Sentenza di Cassazione Penale Sez. 6 Num. 17850 Anno 2024
Penale Sent. Sez. 6 Num. 17850 Anno 2024
Presidente: COGNOME NOME
Relatore: COGNOME NOME
Data Udienza: 04/04/2024
SENTENZA
sul ricorso proposto da COGNOME NOME, nato a Grottole DATA_NASCITA
avverso la sentenza del 14/4/2023 emessa dalla Corte di appello di Potenza visti gli atti, la sentenza e il ricorso;
udita la relazione del consigliere NOME COGNOME;
lette le conclusioni formulate dal Pubblico Ministero, in persona del AVV_NOTAIO generale NOME AVV_NOTAIO, che ha chiesto di dichiarare inammissibile il ricorso;
letta la memoria depositata dall’AVV_NOTAIO, il quale ha chiesto l’accoglimento del ricorso.
RITENUTO IN FATTO
1. La Corte di appello di Potenza confermava la condanna dell’imputato per il reato di abuso d’ufficio, commesso nella qualità di dirigente del Comune di
Garaguso, revocando una precedente ordinanza con la quale era stata ordinata la rimozione della recinzione posta a chiusura di una strada interpoderale, in violazione dell’art. 20 della I. reg. n. 47 del 2000, in tal modo arrecando un ingiusto vantaggio ai proprietari del terreno sul quale la predetta strada insisteva e con conseguente danno nei confronti dei titolari dei terreni cui la strada consentiva l’accesso.

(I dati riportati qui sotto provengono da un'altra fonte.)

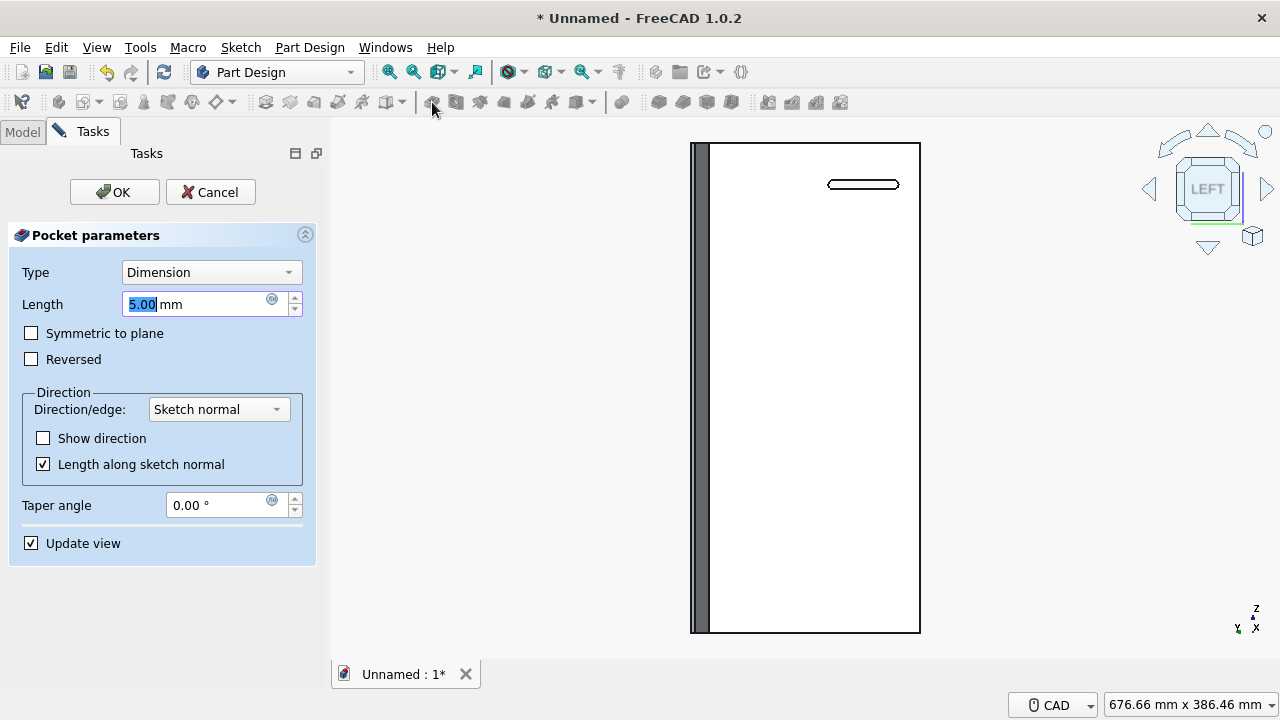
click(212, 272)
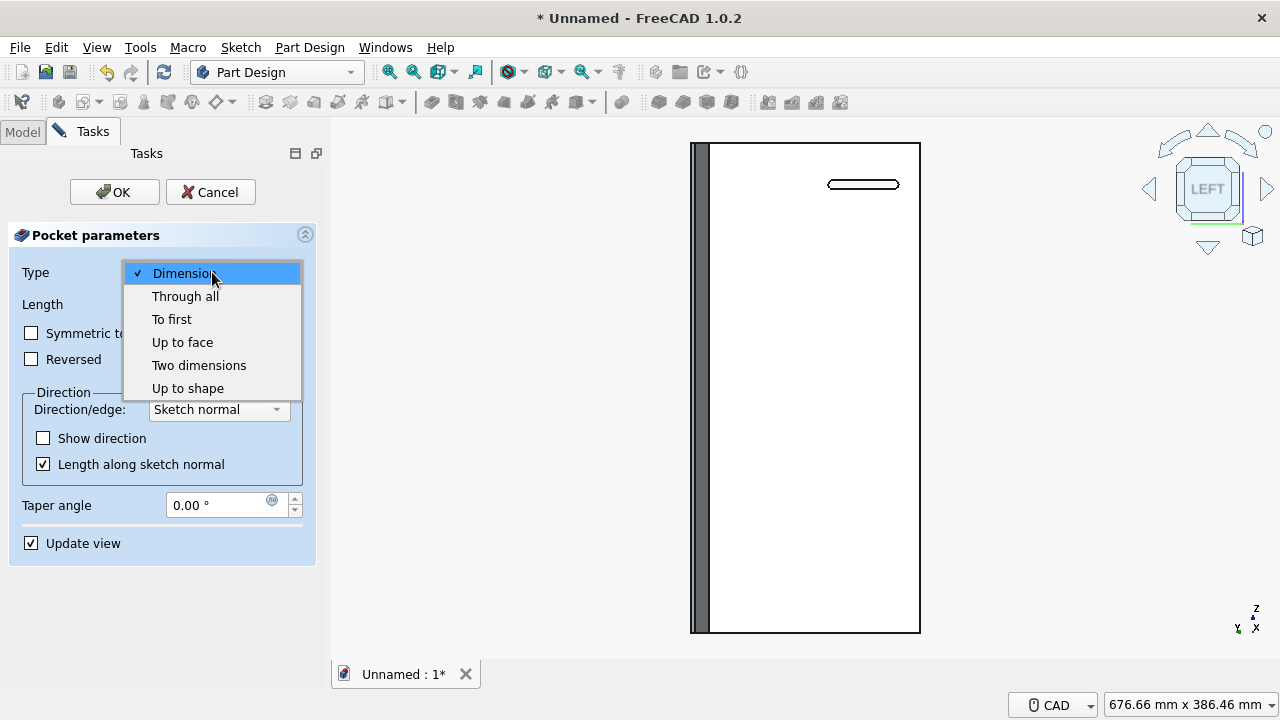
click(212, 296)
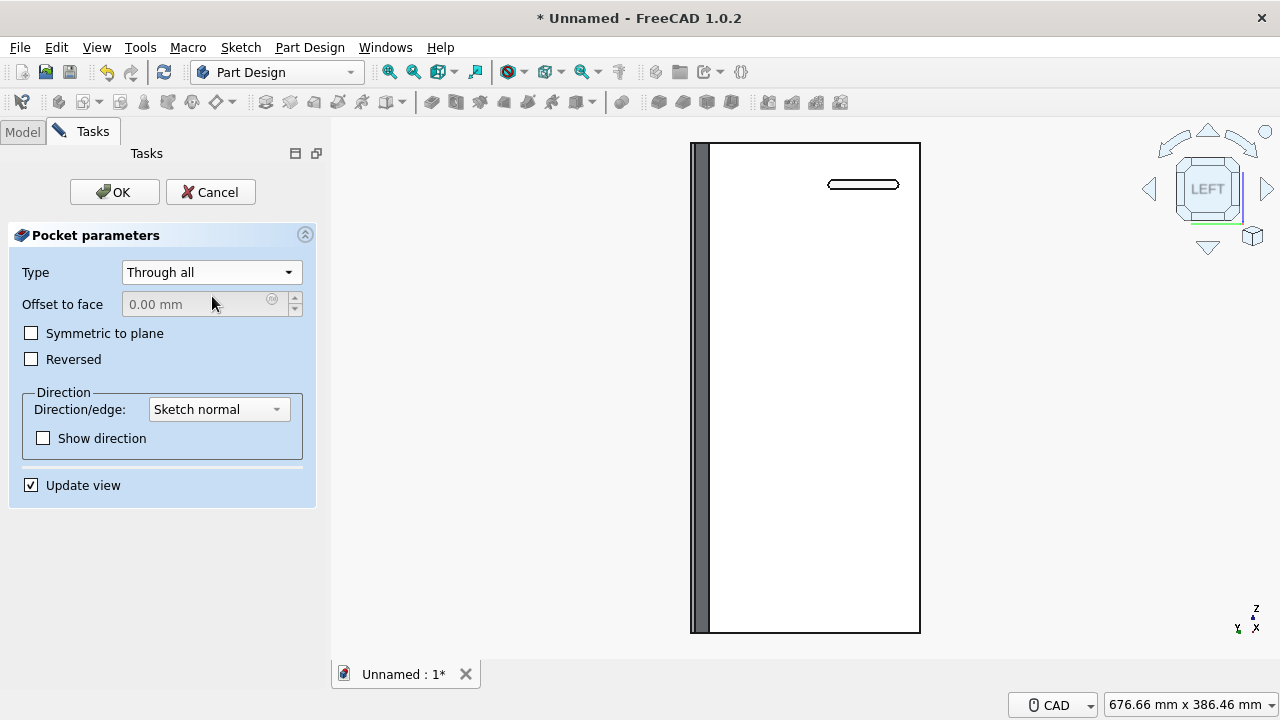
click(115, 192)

Avverso tale sentenza, il ricorrente ha formulato tre motivi di impugnazione.
2.1. Con il primo motivo, deduce la violazione dell’art. 323 cod. pen., rappresentando che la nuova formulazione della norma incriminatrice presuppone la violazione di specifiche regole di condotta, espressamente previste dalla legge. Nel caso in esame, l’imputato aveva legittimamente esercitato il potere di autotutela con riguardo ad una precedente ordinanza (con la quale era stata ordinata la rimozione della recinzione), sulla base di una valutazione necessariamente caratterizzata da profili di discrezionalità, dovendosi stabilire se l’area controversa fosse o meno adibita a transito.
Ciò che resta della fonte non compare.